• [ASSIGNMENT]:
Check each line below for the word "roll", then please report how many lines have it and nothing more.
*** Opening SUPPLIED MATERIAL ***
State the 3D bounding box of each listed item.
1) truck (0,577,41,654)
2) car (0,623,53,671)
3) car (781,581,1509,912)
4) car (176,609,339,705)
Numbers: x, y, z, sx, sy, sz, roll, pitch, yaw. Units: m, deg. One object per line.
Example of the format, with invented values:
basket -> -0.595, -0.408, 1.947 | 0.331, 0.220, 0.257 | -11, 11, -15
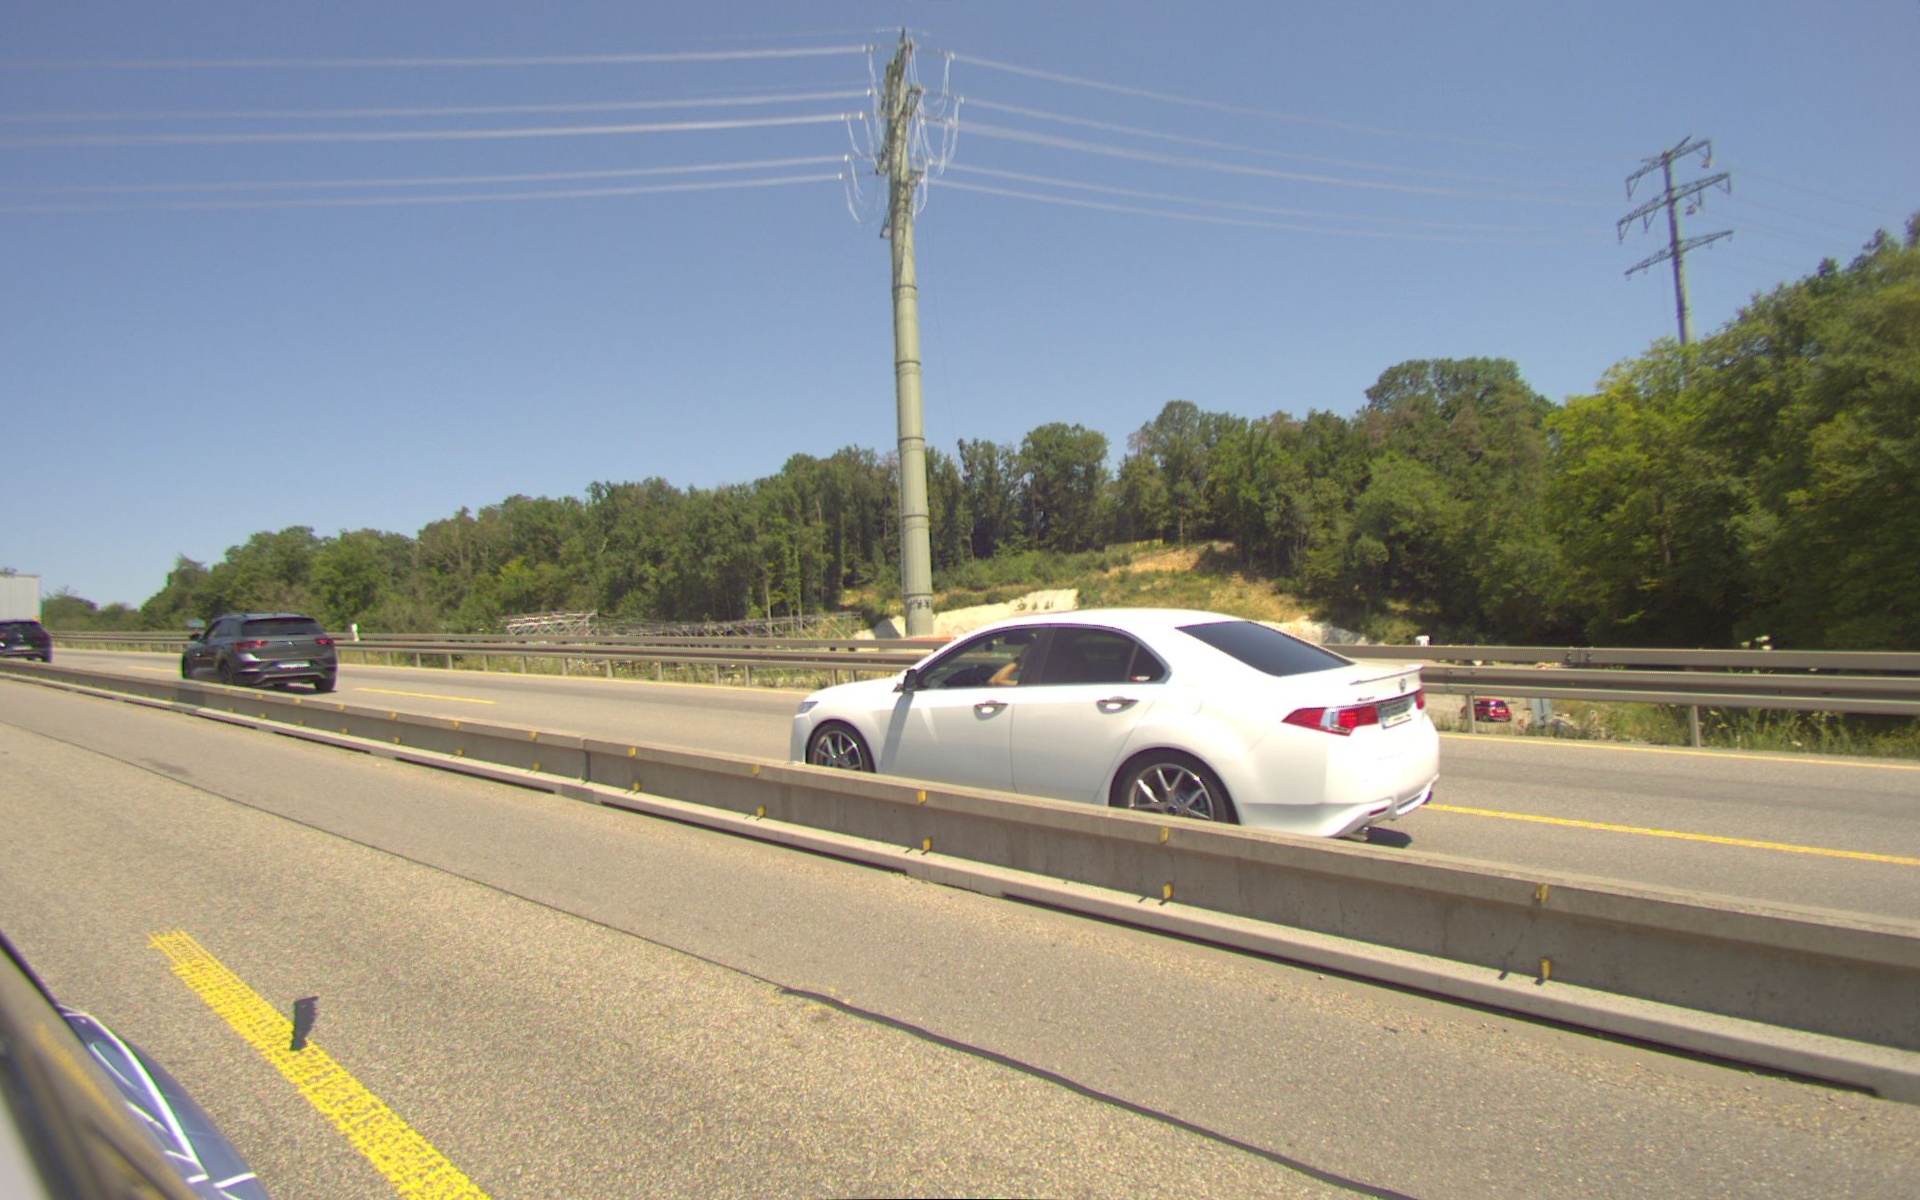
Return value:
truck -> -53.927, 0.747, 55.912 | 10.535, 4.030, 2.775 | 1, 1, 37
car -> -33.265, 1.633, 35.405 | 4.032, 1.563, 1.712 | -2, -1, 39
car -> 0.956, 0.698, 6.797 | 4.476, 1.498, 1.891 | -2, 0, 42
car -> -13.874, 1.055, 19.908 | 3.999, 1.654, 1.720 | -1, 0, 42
*** Closing SUPPLIED MATERIAL ***
*** Opening SUPPLIED MATERIAL ***
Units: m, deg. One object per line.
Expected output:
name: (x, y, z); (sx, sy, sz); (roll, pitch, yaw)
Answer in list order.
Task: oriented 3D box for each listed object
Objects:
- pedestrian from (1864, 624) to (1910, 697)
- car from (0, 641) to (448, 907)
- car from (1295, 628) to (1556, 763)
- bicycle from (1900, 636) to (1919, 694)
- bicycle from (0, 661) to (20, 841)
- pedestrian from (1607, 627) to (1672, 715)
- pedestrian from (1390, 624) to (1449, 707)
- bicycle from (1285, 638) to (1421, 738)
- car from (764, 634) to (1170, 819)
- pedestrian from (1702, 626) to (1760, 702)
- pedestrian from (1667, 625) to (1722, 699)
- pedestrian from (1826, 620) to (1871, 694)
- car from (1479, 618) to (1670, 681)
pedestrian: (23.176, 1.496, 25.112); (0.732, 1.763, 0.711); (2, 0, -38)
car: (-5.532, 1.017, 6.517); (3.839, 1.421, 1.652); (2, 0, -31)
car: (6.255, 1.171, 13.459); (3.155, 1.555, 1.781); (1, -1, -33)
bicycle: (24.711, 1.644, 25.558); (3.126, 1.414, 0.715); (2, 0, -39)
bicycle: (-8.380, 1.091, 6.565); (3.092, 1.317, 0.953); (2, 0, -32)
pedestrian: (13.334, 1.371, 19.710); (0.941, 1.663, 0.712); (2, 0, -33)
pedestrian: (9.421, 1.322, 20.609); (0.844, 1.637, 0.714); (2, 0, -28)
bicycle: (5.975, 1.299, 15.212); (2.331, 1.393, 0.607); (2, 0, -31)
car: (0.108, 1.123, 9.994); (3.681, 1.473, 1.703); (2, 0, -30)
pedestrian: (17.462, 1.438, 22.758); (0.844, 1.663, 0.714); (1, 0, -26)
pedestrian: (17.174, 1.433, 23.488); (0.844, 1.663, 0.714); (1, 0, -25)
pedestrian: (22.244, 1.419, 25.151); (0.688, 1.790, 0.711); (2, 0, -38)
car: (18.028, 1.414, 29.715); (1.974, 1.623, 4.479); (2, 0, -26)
*** Closing SUPPLIED MATERIAL ***
• [RESULT OF THE EXERCISE]:
2